As part of an OSCE station, you may be required to assess mental capacity or discuss with an examiner how you would approach capacity assessment in a specific scenario. This guide provides a step-by-step approach to assessing the capacity of an adult patient in an OSCE setting.
Patients may lack capacity due to an impairment of the brain or mind. This may be a progressive impairment (e.g. dementia), a permanent injury (e.g. traumatic brain injury), or a temporary impairment (e.g. delirium, intoxication).2
As mental state can fluctuate, capacity must be reassessed at regular intervals.
Capacity should always be discussed in decision-specific terms. For example, while an individual may not understand the risks and benefits of having a blood test, they may still be able to decide what to wear or eat. This empowers patients and upholds their dignity.
You should assume capacity unless proven otherwise. You should never assume that an individual lacks capacity because of their medical or psychiatric history, appearance, behaviour or beliefs.
Individuals are entitled to make decisions that you consider unwise, or different to the decision that you would make if they have the capacity to make this decision.
Preparing for the capacity assessment
Before conducting a capacity assessment, review the patient’s medical notes to understand their functional status, recent illness progression, and any previous capacity assessments. If able, discuss with the wider multidisciplinary team (e.g. nursing colleagues) any concerns they may have.

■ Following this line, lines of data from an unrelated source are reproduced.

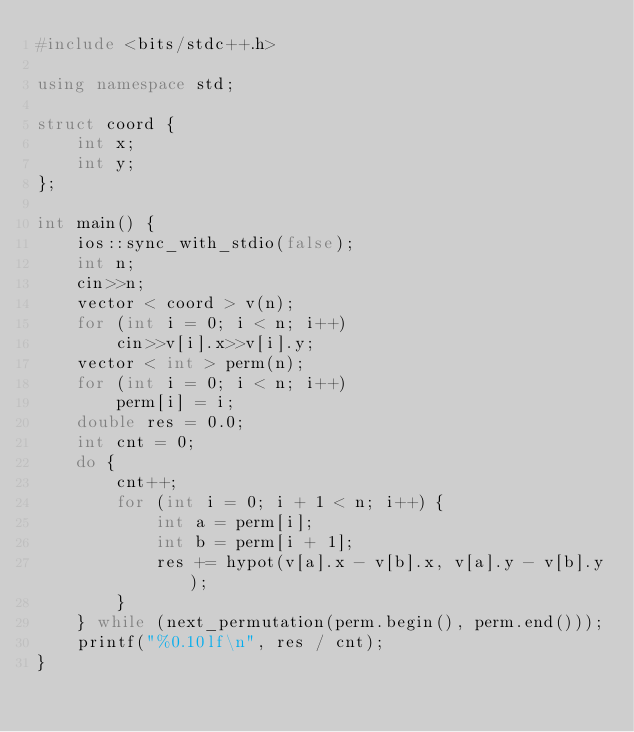<code> <loc_0><loc_0><loc_500><loc_500><_C++_>#include <bits/stdc++.h>

using namespace std;

struct coord {
	int x;
	int y;
};

int main() {
	ios::sync_with_stdio(false);
	int n;
	cin>>n;
	vector < coord > v(n);
	for (int i = 0; i < n; i++)
		cin>>v[i].x>>v[i].y;
	vector < int > perm(n);
	for (int i = 0; i < n; i++)
		perm[i] = i;
	double res = 0.0;
	int cnt = 0;
	do {
		cnt++;
		for (int i = 0; i + 1 < n; i++) {
			int a = perm[i];
			int b = perm[i + 1];
			res += hypot(v[a].x - v[b].x, v[a].y - v[b].y);
		}
	} while (next_permutation(perm.begin(), perm.end()));
	printf("%0.10lf\n", res / cnt);
}
</code> 
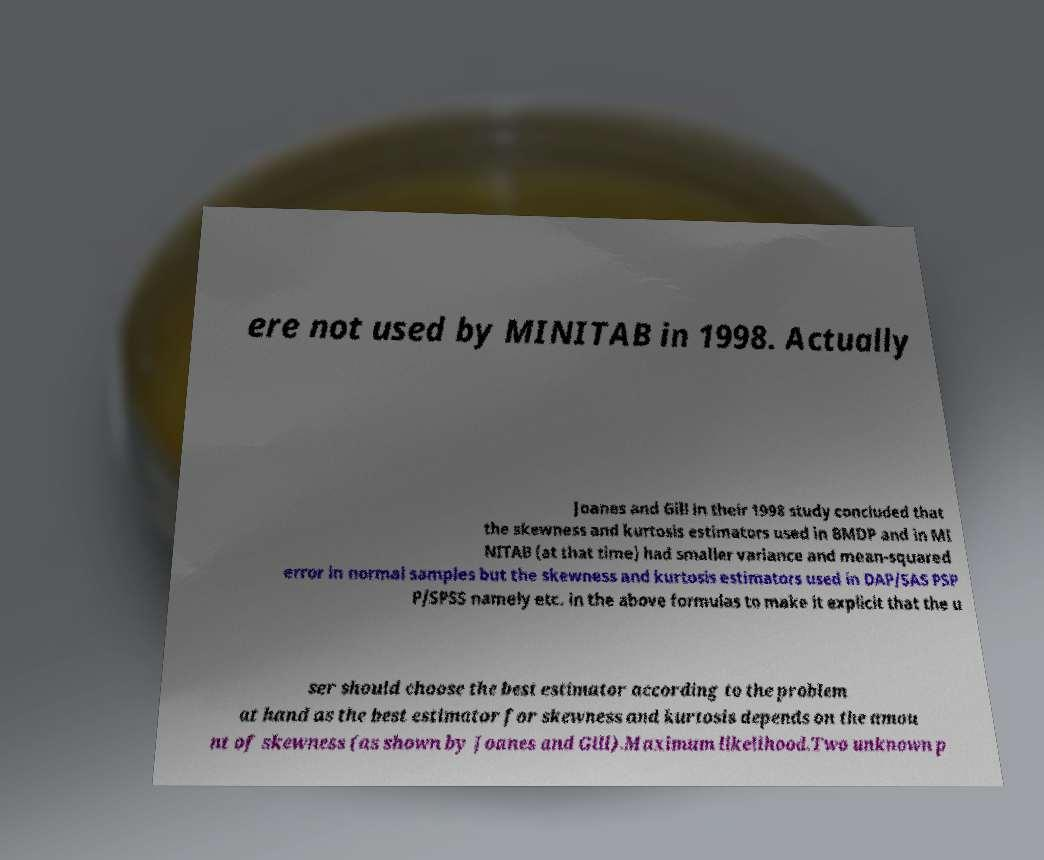Can you read and provide the text displayed in the image?This photo seems to have some interesting text. Can you extract and type it out for me? ere not used by MINITAB in 1998. Actually Joanes and Gill in their 1998 study concluded that the skewness and kurtosis estimators used in BMDP and in MI NITAB (at that time) had smaller variance and mean-squared error in normal samples but the skewness and kurtosis estimators used in DAP/SAS PSP P/SPSS namely etc. in the above formulas to make it explicit that the u ser should choose the best estimator according to the problem at hand as the best estimator for skewness and kurtosis depends on the amou nt of skewness (as shown by Joanes and Gill).Maximum likelihood.Two unknown p 
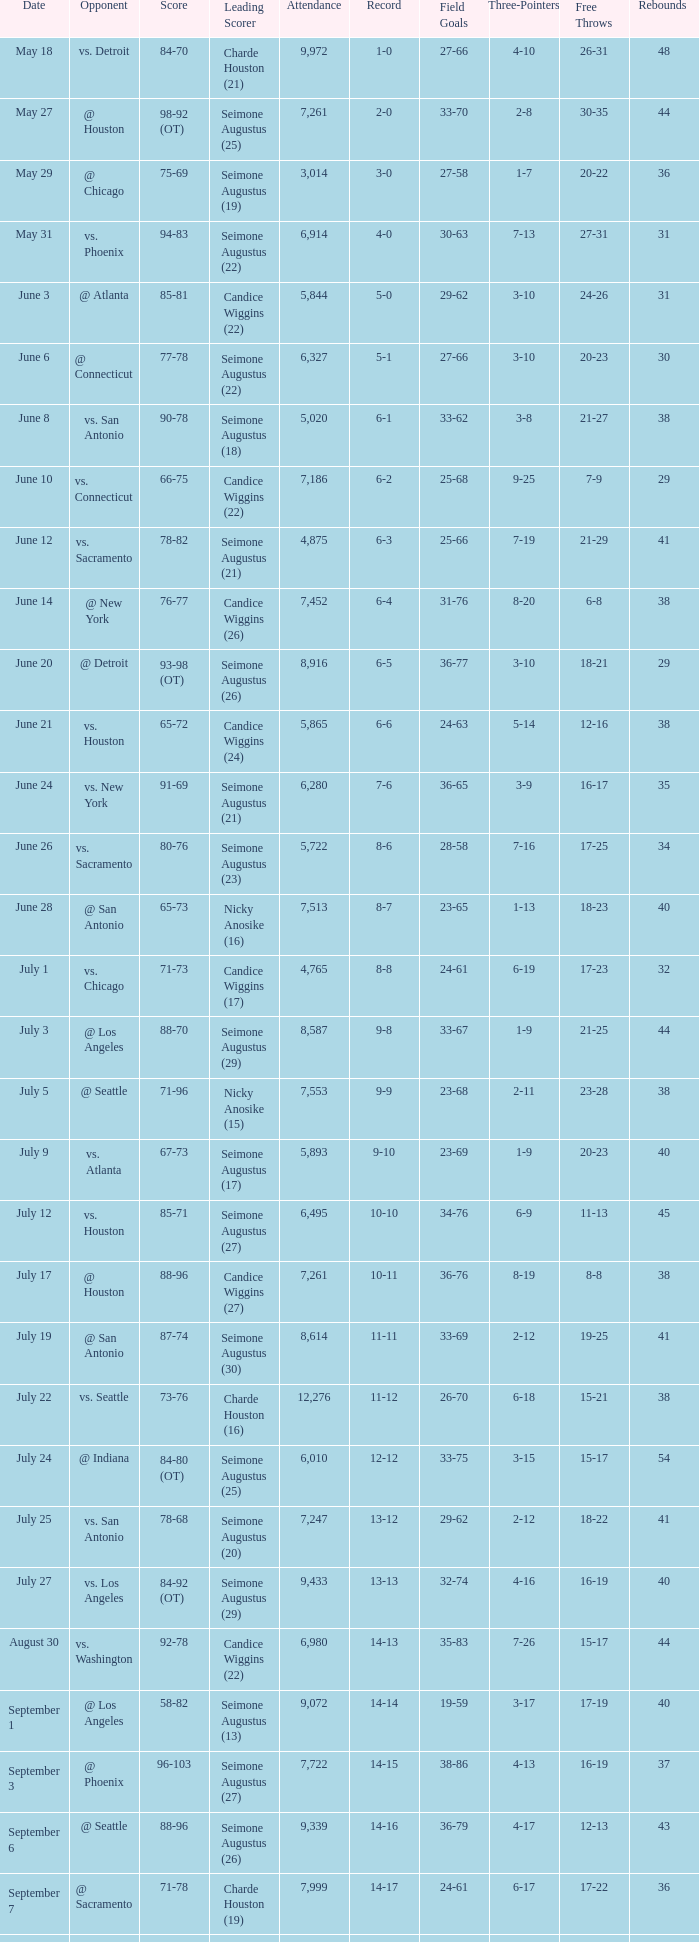Could you parse the entire table? {'header': ['Date', 'Opponent', 'Score', 'Leading Scorer', 'Attendance', 'Record', 'Field Goals', 'Three-Pointers', 'Free Throws', 'Rebounds '], 'rows': [['May 18', 'vs. Detroit', '84-70', 'Charde Houston (21)', '9,972', '1-0', '27-66', '4-10', '26-31', '48'], ['May 27', '@ Houston', '98-92 (OT)', 'Seimone Augustus (25)', '7,261', '2-0', '33-70', '2-8', '30-35', '44'], ['May 29', '@ Chicago', '75-69', 'Seimone Augustus (19)', '3,014', '3-0', '27-58', '1-7', '20-22', '36'], ['May 31', 'vs. Phoenix', '94-83', 'Seimone Augustus (22)', '6,914', '4-0', '30-63', '7-13', '27-31', '31'], ['June 3', '@ Atlanta', '85-81', 'Candice Wiggins (22)', '5,844', '5-0', '29-62', '3-10', '24-26', '31'], ['June 6', '@ Connecticut', '77-78', 'Seimone Augustus (22)', '6,327', '5-1', '27-66', '3-10', '20-23', '30'], ['June 8', 'vs. San Antonio', '90-78', 'Seimone Augustus (18)', '5,020', '6-1', '33-62', '3-8', '21-27', '38'], ['June 10', 'vs. Connecticut', '66-75', 'Candice Wiggins (22)', '7,186', '6-2', '25-68', '9-25', '7-9', '29'], ['June 12', 'vs. Sacramento', '78-82', 'Seimone Augustus (21)', '4,875', '6-3', '25-66', '7-19', '21-29', '41'], ['June 14', '@ New York', '76-77', 'Candice Wiggins (26)', '7,452', '6-4', '31-76', '8-20', '6-8', '38'], ['June 20', '@ Detroit', '93-98 (OT)', 'Seimone Augustus (26)', '8,916', '6-5', '36-77', '3-10', '18-21', '29'], ['June 21', 'vs. Houston', '65-72', 'Candice Wiggins (24)', '5,865', '6-6', '24-63', '5-14', '12-16', '38'], ['June 24', 'vs. New York', '91-69', 'Seimone Augustus (21)', '6,280', '7-6', '36-65', '3-9', '16-17', '35'], ['June 26', 'vs. Sacramento', '80-76', 'Seimone Augustus (23)', '5,722', '8-6', '28-58', '7-16', '17-25', '34'], ['June 28', '@ San Antonio', '65-73', 'Nicky Anosike (16)', '7,513', '8-7', '23-65', '1-13', '18-23', '40'], ['July 1', 'vs. Chicago', '71-73', 'Candice Wiggins (17)', '4,765', '8-8', '24-61', '6-19', '17-23', '32'], ['July 3', '@ Los Angeles', '88-70', 'Seimone Augustus (29)', '8,587', '9-8', '33-67', '1-9', '21-25', '44'], ['July 5', '@ Seattle', '71-96', 'Nicky Anosike (15)', '7,553', '9-9', '23-68', '2-11', '23-28', '38'], ['July 9', 'vs. Atlanta', '67-73', 'Seimone Augustus (17)', '5,893', '9-10', '23-69', '1-9', '20-23', '40'], ['July 12', 'vs. Houston', '85-71', 'Seimone Augustus (27)', '6,495', '10-10', '34-76', '6-9', '11-13', '45'], ['July 17', '@ Houston', '88-96', 'Candice Wiggins (27)', '7,261', '10-11', '36-76', '8-19', '8-8', '38'], ['July 19', '@ San Antonio', '87-74', 'Seimone Augustus (30)', '8,614', '11-11', '33-69', '2-12', '19-25', '41'], ['July 22', 'vs. Seattle', '73-76', 'Charde Houston (16)', '12,276', '11-12', '26-70', '6-18', '15-21', '38'], ['July 24', '@ Indiana', '84-80 (OT)', 'Seimone Augustus (25)', '6,010', '12-12', '33-75', '3-15', '15-17', '54'], ['July 25', 'vs. San Antonio', '78-68', 'Seimone Augustus (20)', '7,247', '13-12', '29-62', '2-12', '18-22', '41'], ['July 27', 'vs. Los Angeles', '84-92 (OT)', 'Seimone Augustus (29)', '9,433', '13-13', '32-74', '4-16', '16-19', '40'], ['August 30', 'vs. Washington', '92-78', 'Candice Wiggins (22)', '6,980', '14-13', '35-83', '7-26', '15-17', '44'], ['September 1', '@ Los Angeles', '58-82', 'Seimone Augustus (13)', '9,072', '14-14', '19-59', '3-17', '17-19', '40'], ['September 3', '@ Phoenix', '96-103', 'Seimone Augustus (27)', '7,722', '14-15', '38-86', '4-13', '16-19', '37'], ['September 6', '@ Seattle', '88-96', 'Seimone Augustus (26)', '9,339', '14-16', '36-79', '4-17', '12-13', '43'], ['September 7', '@ Sacramento', '71-78', 'Charde Houston (19)', '7,999', '14-17', '24-61', '6-17', '17-22', '36'], ['September 9', 'vs. Indiana', '86-76', 'Charde Houston (18)', '6,706', '15-17', '30-67', '3-21', '23-28', '47'], ['September 12', 'vs. Phoenix', '87-96', 'Lindsey Harding (20)', '8,343', '15-18', '33-71', '5-20', '16-24', '44'], ['September 14', '@ Washington', '96-70', 'Charde Houston (18)', '10,438', '16-18', '36-77', '3-11', '21-21', '44']]} Which Attendance has a Date of september 7? 7999.0. 
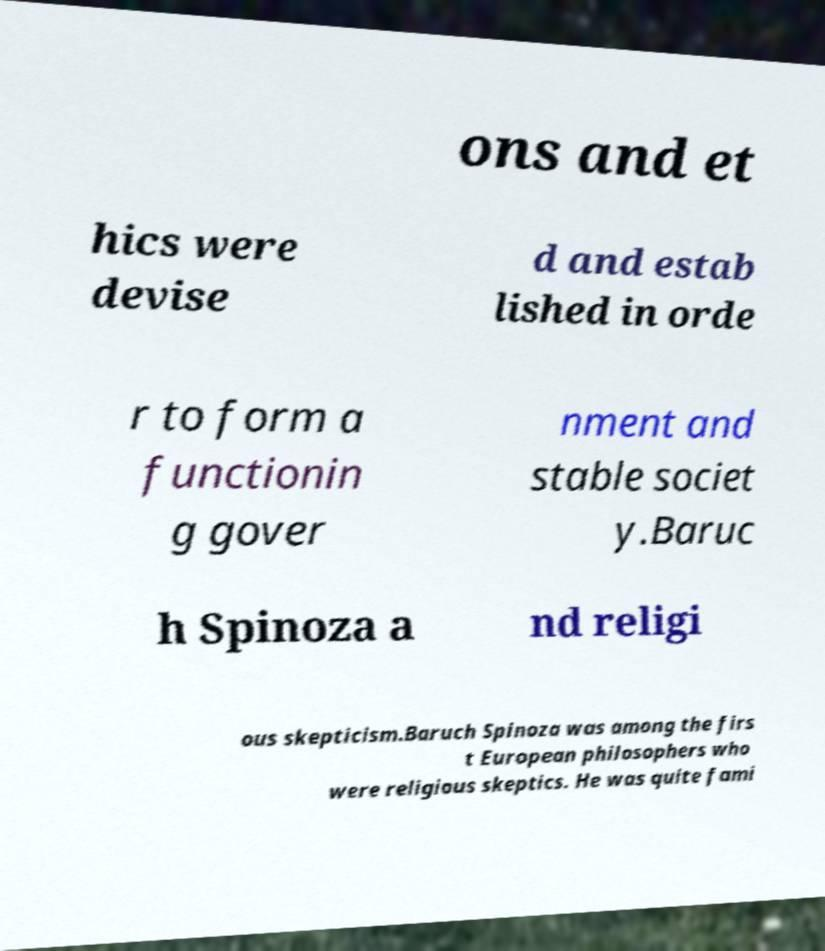Please identify and transcribe the text found in this image. ons and et hics were devise d and estab lished in orde r to form a functionin g gover nment and stable societ y.Baruc h Spinoza a nd religi ous skepticism.Baruch Spinoza was among the firs t European philosophers who were religious skeptics. He was quite fami 
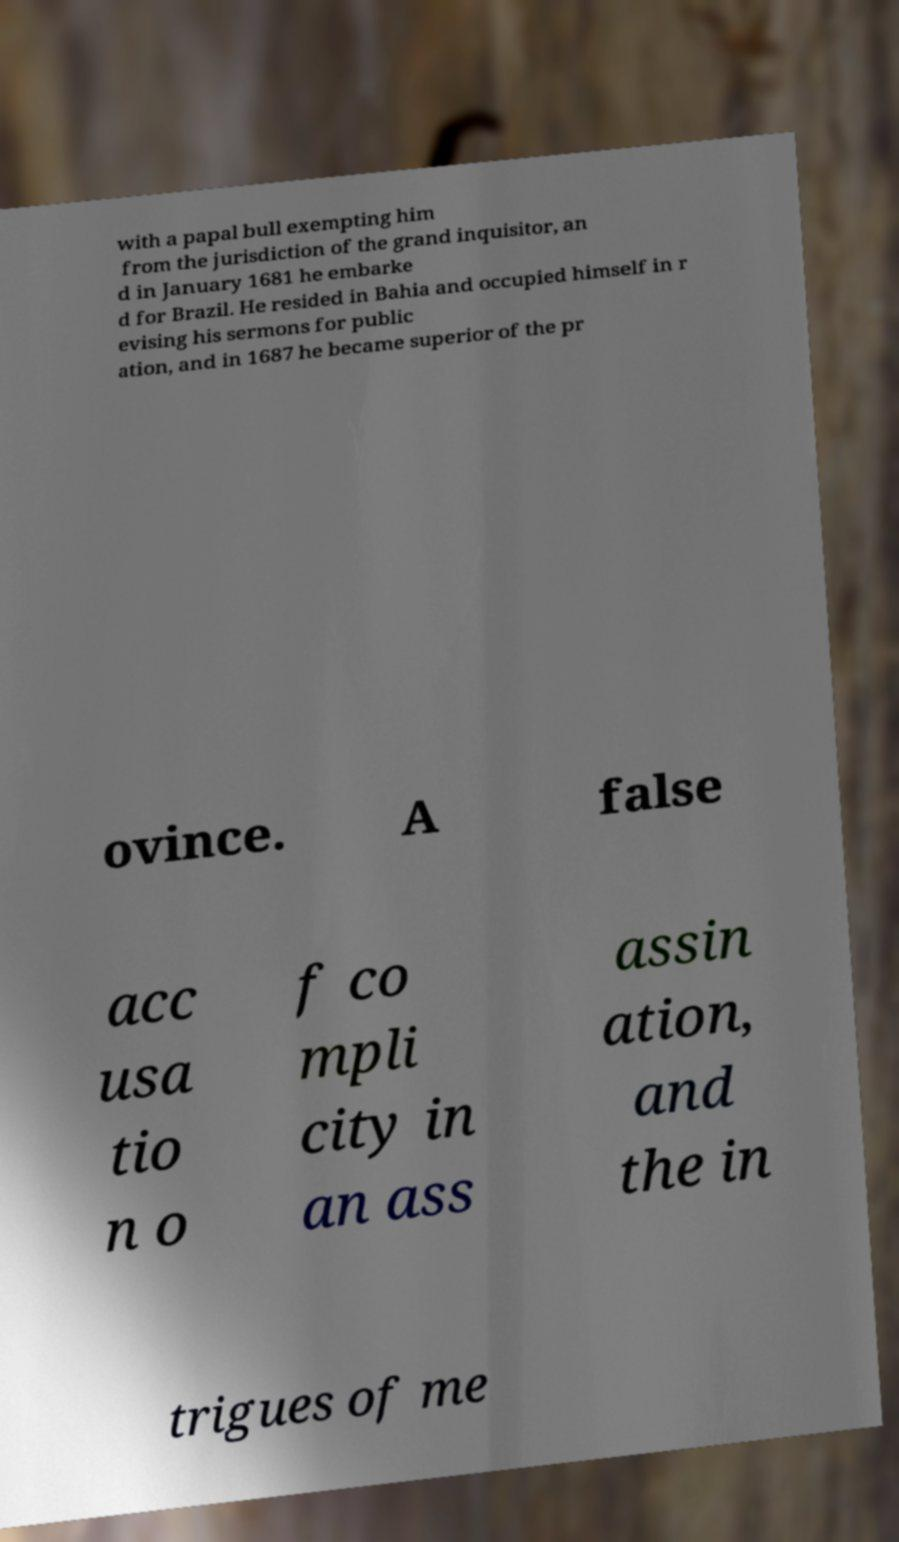For documentation purposes, I need the text within this image transcribed. Could you provide that? with a papal bull exempting him from the jurisdiction of the grand inquisitor, an d in January 1681 he embarke d for Brazil. He resided in Bahia and occupied himself in r evising his sermons for public ation, and in 1687 he became superior of the pr ovince. A false acc usa tio n o f co mpli city in an ass assin ation, and the in trigues of me 
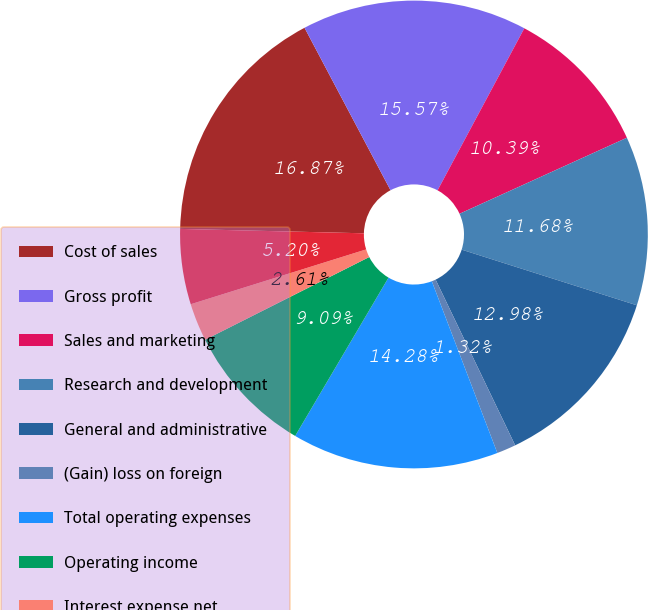Convert chart. <chart><loc_0><loc_0><loc_500><loc_500><pie_chart><fcel>Cost of sales<fcel>Gross profit<fcel>Sales and marketing<fcel>Research and development<fcel>General and administrative<fcel>(Gain) loss on foreign<fcel>Total operating expenses<fcel>Operating income<fcel>Interest expense net<fcel>Other income (expense) net<nl><fcel>16.87%<fcel>15.57%<fcel>10.39%<fcel>11.68%<fcel>12.98%<fcel>1.32%<fcel>14.28%<fcel>9.09%<fcel>2.61%<fcel>5.2%<nl></chart> 
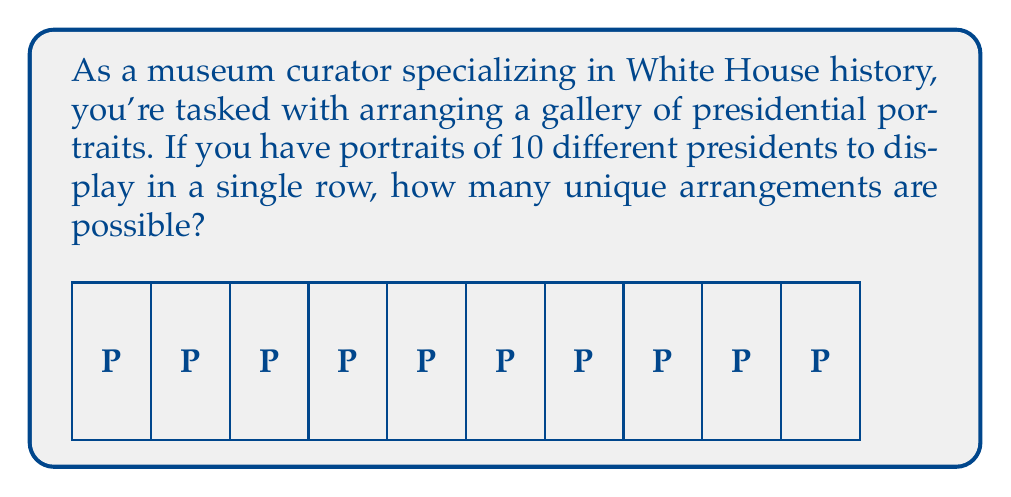Can you solve this math problem? To solve this problem, we need to understand the concept of permutations in abstract algebra.

1) This scenario represents a permutation without repetition, as each portrait is unique and used only once.

2) The number of permutations of n distinct objects is given by the factorial of n, denoted as n!

3) In this case, we have 10 distinct portraits, so n = 10

4) The formula for the number of permutations is:

   $$P(10) = 10!$$

5) Let's calculate 10!:
   $$10! = 10 \times 9 \times 8 \times 7 \times 6 \times 5 \times 4 \times 3 \times 2 \times 1$$

6) Multiplying these numbers:
   $$10! = 3,628,800$$

Therefore, there are 3,628,800 unique ways to arrange the 10 presidential portraits in a single row.
Answer: $3,628,800$

Beforehand, consider whether you are the most appropriate person to conduct the capacity assessment. If the capacity assessment relates to a specific procedure, it should be one you have a good understanding of.
Consider when to conduct the assessment. Avoid times when confusion or drowsiness are more likely, such as after a nap or following the administration of sedating medications.
Consider who should be present for the assessment. The patient may feel more comfortable with familiar staff or family present. The family should be informed of the purpose of the assessment and should avoid influencing the patient’s answers.
Opening the consultation
Wash your hands and don PPE if appropriate.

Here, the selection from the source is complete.